Скупые встают рано утром; а грабители, как я информирован, встают накануне вечером. Это великая опасность нашего общества, что все его механизмы могут становиться более фиксированными, в то время как его дух становится более изменчивым. Мелкие действия и договоренности человека должны быть свободными, гибкими, творческими; вещи, которые должны быть неизменными, — это его принципы, его идеалы. Но у нас верно обратное; наши взгляды постоянно меняются; но наш обед не меняется. Теперь, я хотел бы, чтобы у людей были сильные и укоренившиеся концепции, но что касается их обеда, пусть они едят его иногда в саду, иногда в постели, иногда на крыше, иногда на вершине дерева. Пусть они аргументируют из одних и тех же первых принципов, но пусть они делают это в постели, или в лодке, или в воздушном шаре. Этот тревожный рост хороших привычек на самом деле означает слишком большой акцент на тех добродетелях, которые может обеспечить простой обычай, это означает слишком мало акцента на тех добродетелях, которые обычай никогда не может полностью обеспечить, внезапных и великолепных добродетелях вдохновенной жалости или вдохновенной откровенности. Если когда-нибудь этот резкий призыв будет сделан к нам, мы можем потерпеть неудачу. Человек может привыкнуть вставать в пять часов утра. Человек не может очень хорошо привыкнуть к тому, чтобы быть сожженным за свои убеждения; первый эксперимент обычно фатален.
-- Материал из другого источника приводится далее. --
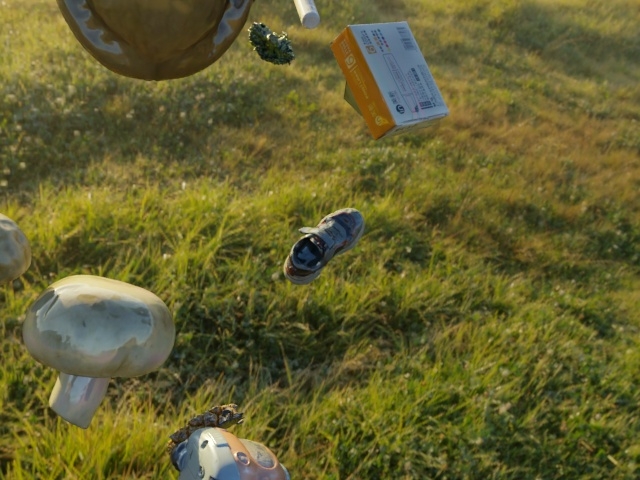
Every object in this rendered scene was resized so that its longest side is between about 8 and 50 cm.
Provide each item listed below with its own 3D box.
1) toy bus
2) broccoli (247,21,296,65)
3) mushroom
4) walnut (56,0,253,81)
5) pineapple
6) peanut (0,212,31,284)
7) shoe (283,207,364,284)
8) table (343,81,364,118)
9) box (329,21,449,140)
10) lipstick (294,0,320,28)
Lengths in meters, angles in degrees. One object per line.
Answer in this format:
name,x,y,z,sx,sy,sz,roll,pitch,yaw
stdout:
toy bus,-0.176,0.520,1.224,0.231,0.288,0.194,11,6,-29
broccoli,-0.104,-0.425,1.337,0.095,0.092,0.097,-9,87,-11
mushroom,-0.538,0.220,1.450,0.352,0.325,0.353,-16,42,15
walnut,-0.299,-0.506,1.130,0.383,0.384,0.384,10,39,-8
pineapple,-0.282,0.465,1.542,0.221,0.221,0.047,-16,67,-34
peanut,-0.822,0.008,1.415,0.386,0.192,0.170,14,45,20
shoe,0.000,0.001,1.400,0.227,0.125,0.099,-45,72,-5
table,0.147,-0.421,1.721,0.121,0.111,0.240,45,-2,1
box,0.171,-0.390,1.511,0.220,0.091,0.274,-18,81,-39
lipstick,-0.032,-0.493,1.298,0.040,0.040,0.141,0,48,-19
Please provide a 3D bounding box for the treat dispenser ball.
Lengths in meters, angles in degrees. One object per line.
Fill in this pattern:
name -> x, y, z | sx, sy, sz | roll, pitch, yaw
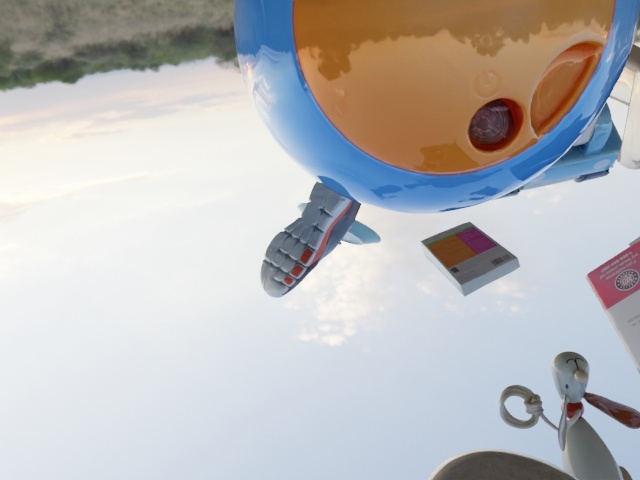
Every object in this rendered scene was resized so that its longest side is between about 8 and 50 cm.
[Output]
treat dispenser ball -> 0.078, -0.164, 0.406 | 0.288, 0.288, 0.288 | -8, -158, 3

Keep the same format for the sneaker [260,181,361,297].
sneaker -> 0.000, 0.000, 0.560 | 0.065, 0.158, 0.061 | 26, -165, -51

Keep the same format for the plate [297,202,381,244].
plate -> 0.035, -0.026, 1.096 | 0.188, 0.024, 0.188 | 22, 169, 4

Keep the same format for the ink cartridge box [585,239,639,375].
ink cartridge box -> 0.483, 0.111, 0.618 | 0.117, 0.207, 0.283 | 22, -139, -30

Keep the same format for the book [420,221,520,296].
book -> 0.234, 0.023, 0.845 | 0.096, 0.035, 0.144 | -26, -152, -2

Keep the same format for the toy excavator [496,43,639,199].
toy excavator -> 0.387, -0.217, 0.831 | 0.222, 0.445, 0.433 | -11, -118, 4

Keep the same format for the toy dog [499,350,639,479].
toy dog -> 0.526, 0.405, 1.036 | 0.220, 0.334, 0.161 | -31, -179, -2

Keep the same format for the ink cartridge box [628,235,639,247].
ink cartridge box -> 1.025, 0.081, 1.418 | 0.197, 0.270, 0.198 | -43, -156, 28

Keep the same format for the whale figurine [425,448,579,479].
whale figurine -> 0.148, 0.310, 0.428 | 0.216, 0.141, 0.272 | 8, -146, 19
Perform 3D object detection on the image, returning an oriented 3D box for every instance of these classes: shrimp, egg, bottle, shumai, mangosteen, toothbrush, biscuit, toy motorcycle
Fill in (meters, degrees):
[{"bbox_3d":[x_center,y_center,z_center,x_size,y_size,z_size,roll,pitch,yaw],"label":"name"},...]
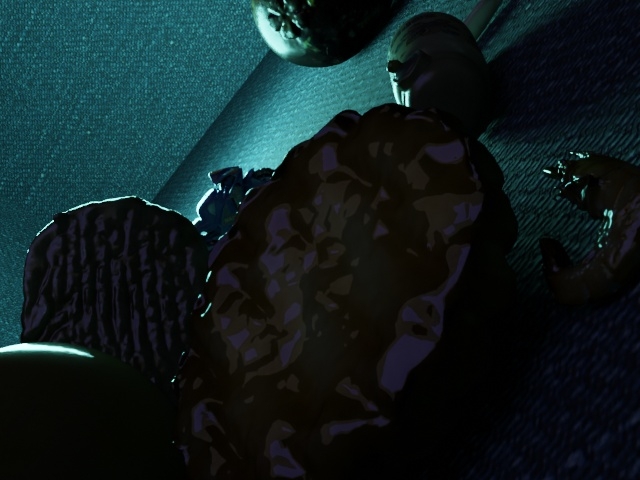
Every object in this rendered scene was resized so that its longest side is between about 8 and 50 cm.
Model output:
[{"bbox_3d":[0.170,-0.008,0.731,0.162,0.045,0.095,-122,46,-71],"label":"shrimp"},{"bbox_3d":[-0.251,0.239,1.022,0.301,0.301,0.374,-54,13,7],"label":"egg"},{"bbox_3d":[0.114,-0.166,1.145,0.097,0.110,0.209,-52,13,18],"label":"bottle"},{"bbox_3d":[-0.228,0.129,1.496,0.267,0.314,0.262,-25,-27,-5],"label":"shumai"},{"bbox_3d":[0.022,-0.420,1.978,0.289,0.231,0.231,-27,-8,-38],"label":"mangosteen"},{"bbox_3d":[0.119,-0.170,1.338,0.307,0.025,0.029,-54,5,10],"label":"toothbrush"},{"bbox_3d":[0.018,0.055,0.833,0.326,0.107,0.325,-33,42,36],"label":"biscuit"},{"bbox_3d":[-0.150,-0.041,1.799,0.205,0.114,0.076,-54,13,3],"label":"toy motorcycle"}]

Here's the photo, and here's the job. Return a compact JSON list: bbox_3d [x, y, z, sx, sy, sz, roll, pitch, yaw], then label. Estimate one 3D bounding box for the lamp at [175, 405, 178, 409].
[{"bbox_3d":[-0.177,0.226,1.247,0.107,0.107,0.092,-52,53,17],"label":"lamp"}]

Давайте уделим немного больше внимания этим возможностям героического и неожиданного. Я смею сказать, что когда я встану с этой постели, я совершу какой-нибудь поступок почти ужасной добродетели.
Для тех, кто изучает великое искусство лежания в постели, нужно добавить одно решительное предостережение. Даже для тех, кто может выполнять свою работу в постели (как журналисты), еще больше для тех, чья работа не может быть выполнена в постели (как, например, профессиональные гарпунщики китов), очевидно, что потворство должно быть очень случайным. Но это не то предостережение, которое я имею в виду. Предостережение таково: если вы лежите в постели, убедитесь, что вы делаете это без всякой причины или оправдания вообще. Я не говорю, конечно, о серьезно больных. Но если здоровый человек лежит в постели, пусть он делает это без тени оправдания; тогда он встанет здоровым человеком. Если он делает это по какой-то второстепенной гигиенической причине, если у него есть какое-то научное объяснение, он может встать ипохондриком.